# Coding



## Bro. Landry (Jun 25, 2018)

Interested in coding, does anyone know where to start?


Sent from my iPhone using My Freemasonry Mobile


----------



## coachn (Jun 26, 2018)

Ask yourself where you want to end up by using "code".
Ask yourself what code best suits that end.
Seek the online course(s) that provide resources that will assist you in obtaining the skills to learn that code.
Create a realistic time-frame to learn it.
Clear your schedule of distractions.
Commit and obligate to the project.
Execute!


----------



## dfreybur (Jun 26, 2018)

Short term - Find a coding boot camp.  Long term - Get a degree in computer science.  One gets your foot in the door.  The other enables career advancement.

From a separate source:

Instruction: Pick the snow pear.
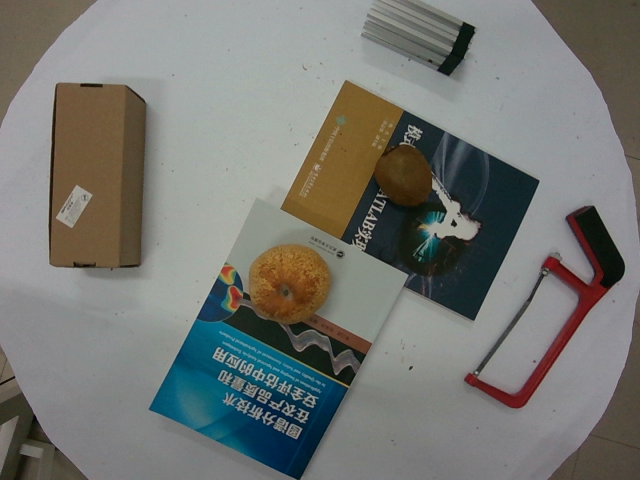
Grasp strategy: vertical
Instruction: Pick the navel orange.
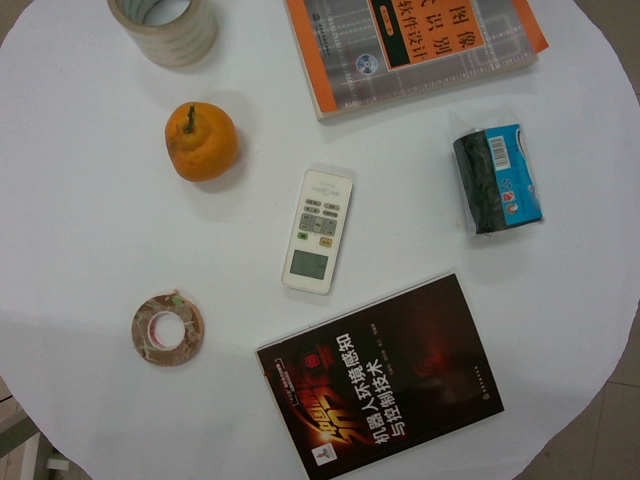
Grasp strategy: vertical

Once you know something, anything, look at source forge.  Become a developer on a project.  It is to bootstrap your resume.  It is to improve the state of the art of the field.  Both worthy undertakings.


----------



## Center (Jun 30, 2018)

As developer you are going to question where to find information to do everything.   Problem solving. If you want to see if you like  I suggest you to start with java. Is complete but 'verbose'   enough to start, plus is relatively difficult to make things wrong(encapsulation, interfaces  etc). The best beginner java book to me is java head start. That is also terribly funny. If you have curiosity and a lot of patience you can become a good dev generally within 4 years.  If instead youlike  webdevelopment start with java script. Enjoy


----------